Abstract
Blood testing has been used as an essential tool to diagnose diseases for decades. Recently, there has been a rapid developing trend in using Quantitative Phase Imaging (QPI) methods for blood cell screening. Compared to traditional blood testing techniques, QPI has the advantage of avoiding dyeing or staining the specimen, which may cause damage to the cells. However, most existing systems are bulky and costly, requiring experienced personnel to operate. This work demonstrates the integration of one QPI method onto a smartphone platform and the application of imaging red blood cells. The adopted QPI method is based on solving the Intensity Transport Equation (ITE) from two de-focused pupil images taken in one shot by the smartphone camera. The device demonstrates a system resolution of about 1 μm, and is ready to be used for 3D morphological study of red blood cells.
Introduction
Blood sample test and analysis plays an extremely important role in diagnosis of many diseases. However, conventional blood testing technologies usually rely on large-scale, heavy-duty and expensive optical instruments, as well as trained physicians to operate them. Additionally, preparing blood samples for these tests often involves staining or dyeing the blood smears, which makes the procedure more complicated. In many developing countries and rural areas, it is very common that the absence of both the equipment and well-trained expertise limits the availability of blood tests. Even in more developed areas, blood tests are also prevented from the general public’s daily usage for healthcare purposes. As such, more compact, easy-to-use and cost-effective devices are highly desirable. These devices could be a solution to the emerging needs of blood tests in less developed areas of the world, or as point-of-care systems to perform rapid tests for patients who live in more developed regions.
In the past decade, QPI has been considered a very promising solution to image transparent biological specimens, such as blood cells [1–15], which are essentially phase objects. QPI is label-free as it is aimed to capture the phase information of the object, while the traditional techniques require labeling of the bio-specimen that usually kills the cells. In addition, unlike some of the other techniques, e.g. fluorescence imaging, that use ultraviolet light, which also cause damage to the live cells, most QPI techniques use visible illuminations. More importantly, QPI detected phase maps can be further processed into cell biomechanical data, such as 3-D distributions of refractive index and the membrane fluctuations in red blood cells [14]. These data contain large amounts of information, which is not correlated in the traditional microscopic sensing techniques. Using different interferometric QPI methods (including FPM, HPM and DPM) to quantitative imaging red blood cell dynamics has been demonstrated with decent sensitivity [15]. Also, various compact and portable QPI systems have been reported recently, including the τ interferometer [16], self-referencing DHM [17] and a common path lateral phase shifting interferometer unit attached to an inverted microscope [18], demonstrating encouraging imaging capability and sensitivity.

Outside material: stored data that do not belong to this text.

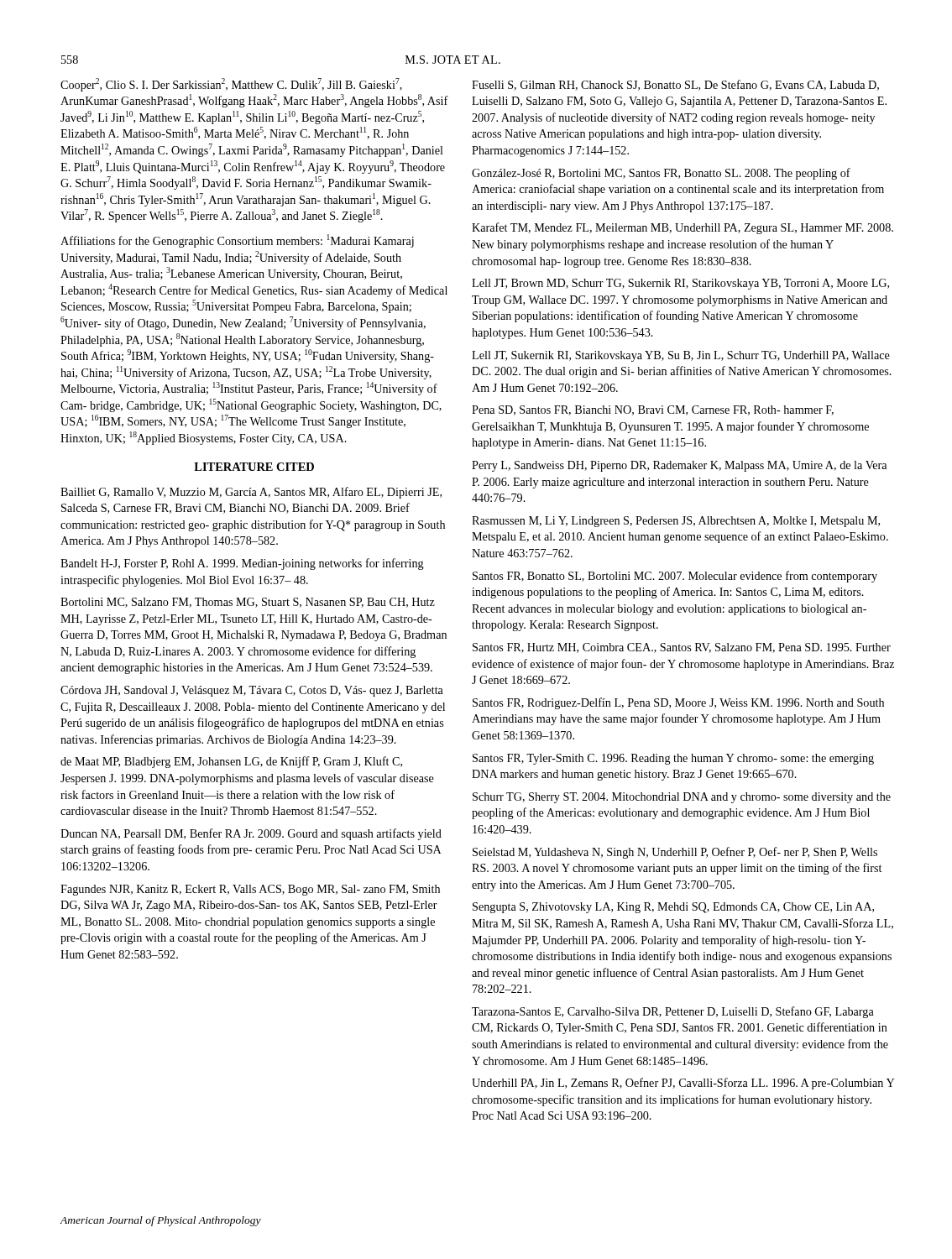Select the list item that reads "González-José R, Bortolini"
This screenshot has width=952, height=1259.
(x=678, y=189)
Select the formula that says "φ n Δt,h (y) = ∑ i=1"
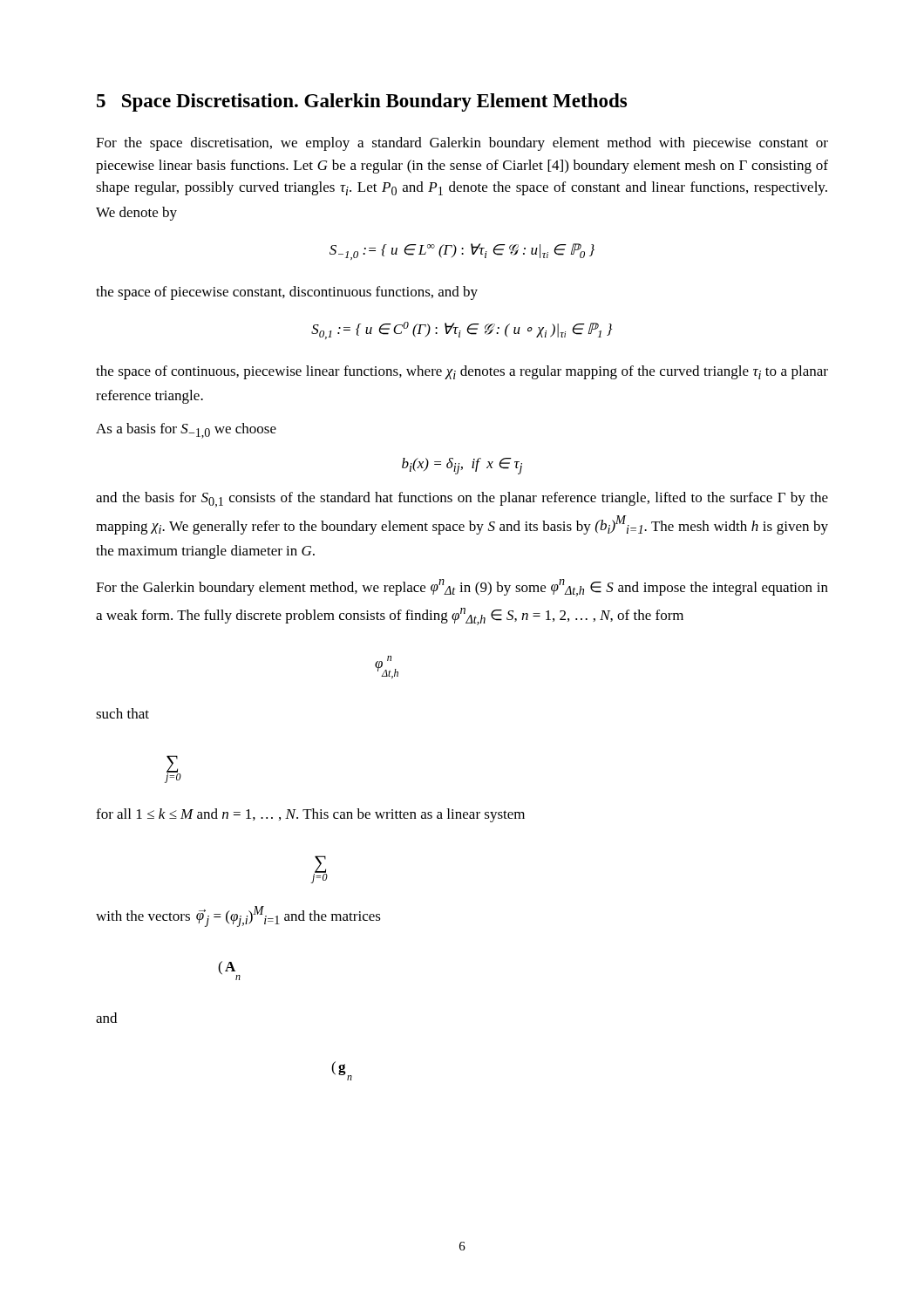This screenshot has width=924, height=1308. coord(387,667)
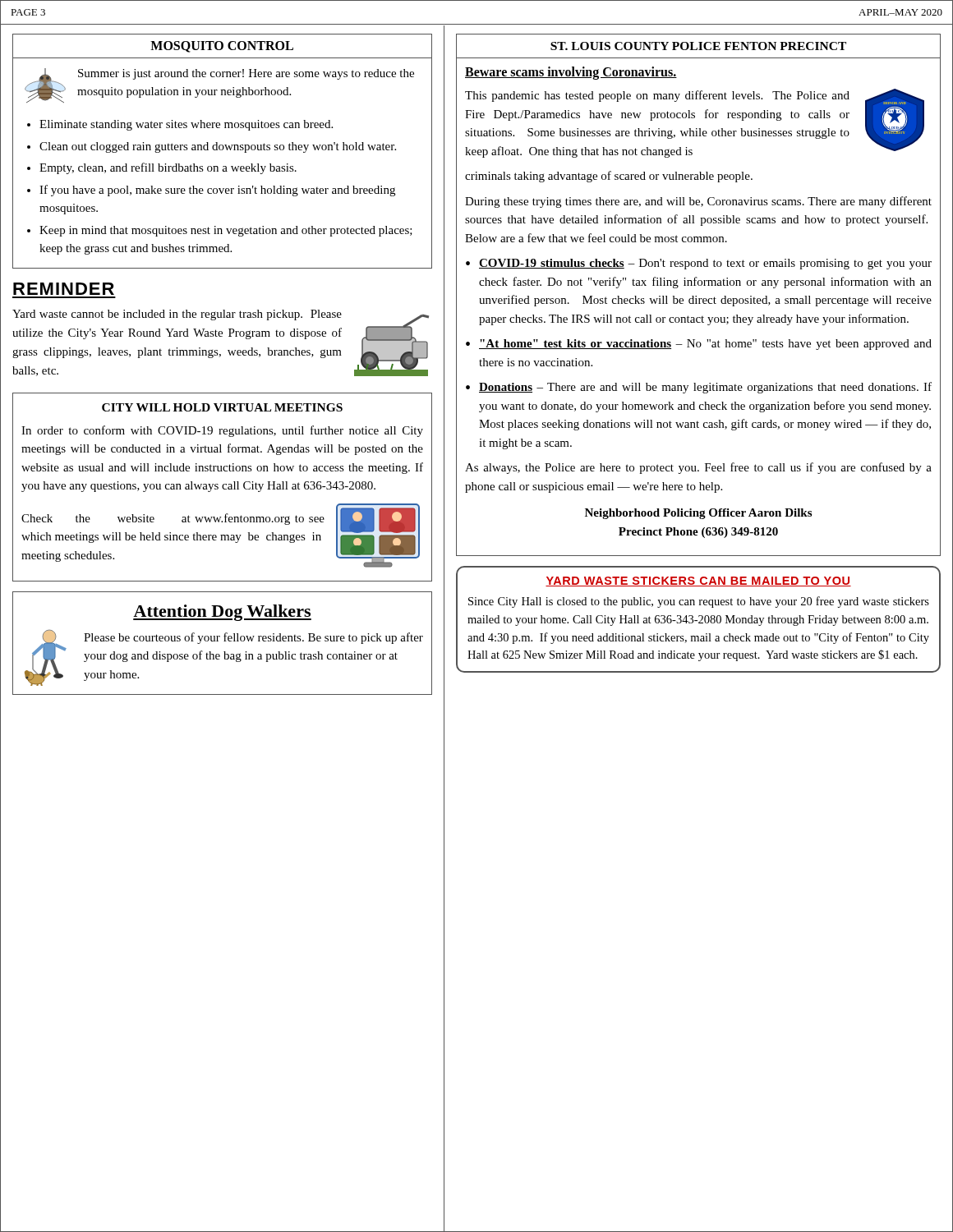Image resolution: width=953 pixels, height=1232 pixels.
Task: Find the region starting "CITY WILL HOLD VIRTUAL MEETINGS"
Action: 222,407

In the meantime, another recent rising trend is developing optical imaging and sensing devices for medical purposes based on smartphone platforms [19–21]. These devices focus on implementing the functions of traditional optical instruments on smartphones. Through taking advantages of the already existing smartphone built-in sensors and using additional miniature optics, the size and complexity of the optical imaging and sensing systems can be significantly reduced. Towards this end, different “smartphone microscopy” setups [22–27] as well as implementations of more advanced “smartphone fluorescence microscopies” [28–30] have been reported by several groups. However, most of the mentioned devices only provide the 2D information, yet still did not dispose of the need of dyeing the samples. There are also label-free smartphone-based microscopic setups, such as the smartphone-based rapid blood analyzer designed for counting the density of red blood cells in whole blood samples [31] and the smartphone-based lens-free microscopy based on holographical phase reconstruction [32]. The successful implementation of optical techniques with smartphones blazed a new way of developing compact and portable sensing and diagnostic tools.
This work reports the integration of wavefront curvature sensing, one of the QPI methods, onto a smartphone platform, and demonstrates its successful application in red blood cells imaging. From the computationally reconstructed wavefront profile, morphological information of the red blood cells can be acquired with a single-shot measurement.
Materials and Methods
2.1 Wavefront Curvature Sensing
Wavefront Curvature Sensing (WCS) is an efficient QPI technique with decent sensitivity, requiring only a few basic optical elements [33]. As illustrated later in this section, using a specially designed micro-grating will further reduce the complexity of the conventional WCS system. The physical basis of the WCS technique is that wavefront distortion will cause local intensity to change along the propagating direction. Typically, a concave wavefront, i.e. converging beam, will induce an intensity increase along the propagation direction; while a convex wavefront, i.e. diverging beam, will lead to an intensity decrease along the propagation direction. Mathematically, this property can be described by the Intensity Transport Equation (ITE) [34]:
(1) |
where I is the local intensity, k is the wavenumber and W is the wavefront surface in the unit of length. Under the assumption of uniform illumination, the second term on the right side vanishes. Consequently, the Laplacian of the wavefront is directly related to local intensity gradient as:
(2) |
In the conventional WCS setup [34], the wavefront under test at the pupil is focused onto the focal plane in the image space. Intensity measurements I1 and I2 are taken at two planes that are symmetrically located at both sides of the focal plane (Fig 1). From geometric optics, these two measured planes are conjugates of two planes I1′ and I2′ in the object space, positioned at both sides of the pupil. Thus the two measurements can be mapped into the object space, for estimating the intensity gradient at the pupil along the propagation direction.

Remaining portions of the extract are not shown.